• **Records from a data source**:
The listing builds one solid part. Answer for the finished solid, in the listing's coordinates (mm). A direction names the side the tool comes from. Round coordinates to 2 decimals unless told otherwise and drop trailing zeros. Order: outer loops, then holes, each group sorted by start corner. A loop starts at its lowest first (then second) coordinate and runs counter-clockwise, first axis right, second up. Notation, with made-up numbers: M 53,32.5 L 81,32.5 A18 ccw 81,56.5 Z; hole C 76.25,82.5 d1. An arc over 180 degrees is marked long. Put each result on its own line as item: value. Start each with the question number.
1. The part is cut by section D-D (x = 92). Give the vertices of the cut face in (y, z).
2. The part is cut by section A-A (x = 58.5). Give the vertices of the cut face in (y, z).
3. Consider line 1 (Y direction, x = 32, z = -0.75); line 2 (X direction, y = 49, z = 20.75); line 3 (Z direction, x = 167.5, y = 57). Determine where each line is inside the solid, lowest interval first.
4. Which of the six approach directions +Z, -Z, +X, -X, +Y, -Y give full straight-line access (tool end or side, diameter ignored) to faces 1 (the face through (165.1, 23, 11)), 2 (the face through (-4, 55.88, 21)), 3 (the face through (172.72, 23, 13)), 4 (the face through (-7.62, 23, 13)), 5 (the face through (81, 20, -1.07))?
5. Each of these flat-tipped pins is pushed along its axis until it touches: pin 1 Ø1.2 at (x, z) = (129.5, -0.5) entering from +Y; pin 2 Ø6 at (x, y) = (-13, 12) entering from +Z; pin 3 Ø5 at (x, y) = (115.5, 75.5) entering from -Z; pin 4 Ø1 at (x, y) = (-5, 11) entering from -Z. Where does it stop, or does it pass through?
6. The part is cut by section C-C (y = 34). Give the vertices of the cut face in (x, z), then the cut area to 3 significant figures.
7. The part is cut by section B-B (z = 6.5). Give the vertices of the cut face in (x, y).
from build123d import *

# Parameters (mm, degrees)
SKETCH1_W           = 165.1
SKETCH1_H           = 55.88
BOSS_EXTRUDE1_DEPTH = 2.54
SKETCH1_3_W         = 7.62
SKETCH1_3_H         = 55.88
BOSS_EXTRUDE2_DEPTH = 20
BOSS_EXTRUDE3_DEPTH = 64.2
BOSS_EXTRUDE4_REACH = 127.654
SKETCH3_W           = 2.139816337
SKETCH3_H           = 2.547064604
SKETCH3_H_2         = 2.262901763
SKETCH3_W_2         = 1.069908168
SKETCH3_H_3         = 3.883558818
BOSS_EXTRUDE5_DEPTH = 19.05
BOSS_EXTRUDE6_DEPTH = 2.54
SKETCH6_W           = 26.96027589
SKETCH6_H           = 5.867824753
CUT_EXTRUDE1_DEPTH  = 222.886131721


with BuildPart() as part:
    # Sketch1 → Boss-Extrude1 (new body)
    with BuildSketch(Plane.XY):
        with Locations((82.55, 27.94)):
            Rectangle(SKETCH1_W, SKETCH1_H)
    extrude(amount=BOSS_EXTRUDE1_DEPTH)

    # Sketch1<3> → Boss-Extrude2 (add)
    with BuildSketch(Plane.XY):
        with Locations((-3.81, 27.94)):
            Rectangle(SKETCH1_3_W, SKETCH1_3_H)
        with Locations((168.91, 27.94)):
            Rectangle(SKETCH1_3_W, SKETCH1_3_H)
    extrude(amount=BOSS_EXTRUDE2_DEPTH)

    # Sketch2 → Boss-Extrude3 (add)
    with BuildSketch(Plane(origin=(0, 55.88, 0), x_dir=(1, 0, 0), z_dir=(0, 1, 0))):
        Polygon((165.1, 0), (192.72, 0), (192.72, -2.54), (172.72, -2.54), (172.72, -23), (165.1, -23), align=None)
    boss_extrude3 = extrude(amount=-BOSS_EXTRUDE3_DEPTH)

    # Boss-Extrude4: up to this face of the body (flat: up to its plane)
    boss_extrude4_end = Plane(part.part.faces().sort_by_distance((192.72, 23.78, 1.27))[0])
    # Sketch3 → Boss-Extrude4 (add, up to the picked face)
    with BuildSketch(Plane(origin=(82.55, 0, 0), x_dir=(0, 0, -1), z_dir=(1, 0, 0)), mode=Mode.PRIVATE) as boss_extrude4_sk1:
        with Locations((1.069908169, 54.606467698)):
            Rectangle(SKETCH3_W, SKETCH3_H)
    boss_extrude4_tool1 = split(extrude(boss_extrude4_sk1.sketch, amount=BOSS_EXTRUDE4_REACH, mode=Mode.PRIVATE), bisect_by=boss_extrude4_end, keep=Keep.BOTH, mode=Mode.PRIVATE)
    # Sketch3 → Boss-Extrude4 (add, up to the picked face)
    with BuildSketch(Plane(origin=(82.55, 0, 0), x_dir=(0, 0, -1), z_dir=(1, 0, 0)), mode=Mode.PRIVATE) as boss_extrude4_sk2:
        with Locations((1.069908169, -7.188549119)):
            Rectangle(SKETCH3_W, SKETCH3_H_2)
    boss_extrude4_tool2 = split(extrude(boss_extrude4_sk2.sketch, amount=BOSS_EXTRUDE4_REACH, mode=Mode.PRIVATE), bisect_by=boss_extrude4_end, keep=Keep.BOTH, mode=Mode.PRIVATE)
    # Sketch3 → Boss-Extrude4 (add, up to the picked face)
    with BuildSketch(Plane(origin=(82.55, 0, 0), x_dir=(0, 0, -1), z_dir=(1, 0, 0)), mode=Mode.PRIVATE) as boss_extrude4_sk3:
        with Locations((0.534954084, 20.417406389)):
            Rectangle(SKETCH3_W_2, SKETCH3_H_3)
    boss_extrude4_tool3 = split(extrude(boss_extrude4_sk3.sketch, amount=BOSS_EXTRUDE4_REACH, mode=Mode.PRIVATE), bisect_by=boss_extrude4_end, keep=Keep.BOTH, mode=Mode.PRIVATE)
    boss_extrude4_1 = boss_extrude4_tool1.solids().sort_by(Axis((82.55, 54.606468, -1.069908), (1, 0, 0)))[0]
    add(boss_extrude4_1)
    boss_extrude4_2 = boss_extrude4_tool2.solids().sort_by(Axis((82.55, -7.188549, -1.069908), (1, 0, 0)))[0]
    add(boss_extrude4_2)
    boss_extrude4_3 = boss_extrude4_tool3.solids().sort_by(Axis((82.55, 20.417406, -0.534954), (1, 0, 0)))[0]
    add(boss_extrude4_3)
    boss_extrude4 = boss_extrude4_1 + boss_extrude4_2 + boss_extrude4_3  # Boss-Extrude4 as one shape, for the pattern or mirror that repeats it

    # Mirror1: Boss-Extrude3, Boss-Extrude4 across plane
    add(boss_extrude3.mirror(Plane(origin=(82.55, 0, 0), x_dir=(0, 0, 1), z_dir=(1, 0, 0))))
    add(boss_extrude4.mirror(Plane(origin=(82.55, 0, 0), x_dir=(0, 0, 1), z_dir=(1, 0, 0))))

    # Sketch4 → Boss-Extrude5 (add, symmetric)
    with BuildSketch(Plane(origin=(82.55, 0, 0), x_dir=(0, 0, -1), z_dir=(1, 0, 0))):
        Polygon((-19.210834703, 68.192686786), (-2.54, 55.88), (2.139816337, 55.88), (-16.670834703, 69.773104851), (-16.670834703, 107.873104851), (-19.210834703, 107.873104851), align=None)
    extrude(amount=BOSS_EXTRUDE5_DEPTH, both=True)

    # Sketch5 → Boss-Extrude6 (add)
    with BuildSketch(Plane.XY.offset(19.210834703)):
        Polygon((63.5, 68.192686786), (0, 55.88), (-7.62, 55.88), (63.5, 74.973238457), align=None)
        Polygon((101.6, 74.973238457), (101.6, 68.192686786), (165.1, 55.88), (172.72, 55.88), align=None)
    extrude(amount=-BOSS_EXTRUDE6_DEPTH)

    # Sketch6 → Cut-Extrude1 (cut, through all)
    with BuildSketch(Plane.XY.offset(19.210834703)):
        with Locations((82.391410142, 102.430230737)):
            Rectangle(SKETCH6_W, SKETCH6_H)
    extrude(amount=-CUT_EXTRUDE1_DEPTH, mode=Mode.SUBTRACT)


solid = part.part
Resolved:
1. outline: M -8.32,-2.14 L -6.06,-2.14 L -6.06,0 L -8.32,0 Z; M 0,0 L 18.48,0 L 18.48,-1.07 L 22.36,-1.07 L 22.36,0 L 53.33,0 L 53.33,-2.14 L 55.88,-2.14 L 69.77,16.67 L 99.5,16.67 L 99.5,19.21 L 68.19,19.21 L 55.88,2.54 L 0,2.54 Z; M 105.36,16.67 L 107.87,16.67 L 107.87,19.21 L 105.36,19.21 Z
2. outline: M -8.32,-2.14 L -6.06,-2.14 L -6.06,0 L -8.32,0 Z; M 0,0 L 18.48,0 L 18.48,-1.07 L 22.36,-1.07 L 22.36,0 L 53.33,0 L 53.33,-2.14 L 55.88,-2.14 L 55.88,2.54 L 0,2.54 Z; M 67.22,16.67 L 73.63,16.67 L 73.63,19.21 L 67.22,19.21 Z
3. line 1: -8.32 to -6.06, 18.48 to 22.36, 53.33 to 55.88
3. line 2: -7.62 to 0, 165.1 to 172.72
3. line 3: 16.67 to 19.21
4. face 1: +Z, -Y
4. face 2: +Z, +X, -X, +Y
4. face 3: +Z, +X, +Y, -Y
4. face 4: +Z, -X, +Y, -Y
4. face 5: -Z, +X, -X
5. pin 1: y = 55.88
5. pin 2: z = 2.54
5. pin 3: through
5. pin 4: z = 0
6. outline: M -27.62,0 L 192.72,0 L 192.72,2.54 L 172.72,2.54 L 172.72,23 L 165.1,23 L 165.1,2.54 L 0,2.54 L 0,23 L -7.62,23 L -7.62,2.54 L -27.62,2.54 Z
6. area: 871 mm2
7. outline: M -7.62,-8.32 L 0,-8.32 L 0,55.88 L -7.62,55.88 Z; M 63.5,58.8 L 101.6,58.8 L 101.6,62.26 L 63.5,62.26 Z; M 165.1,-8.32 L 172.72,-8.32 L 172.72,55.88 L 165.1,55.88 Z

• **To do**: Filter the entries above and return only the lines holding "Polygon".

• **Reply to the exercise**:
        Polygon((165.1, 0), (192.72, 0), (192.72, -2.54), (172.72, -2.54), (172.72, -23), (165.1, -23), align=None)
        Polygon((-19.210834703, 68.192686786), (-2.54, 55.88), (2.139816337, 55.88), (-16.670834703, 69.773104851), (-16.670834703, 107.873104851), (-19.210834703, 107.873104851), align=None)
        Polygon((63.5, 68.192686786), (0, 55.88), (-7.62, 55.88), (63.5, 74.973238457), align=None)
        Polygon((101.6, 74.973238457), (101.6, 68.192686786), (165.1, 55.88), (172.72, 55.88), align=None)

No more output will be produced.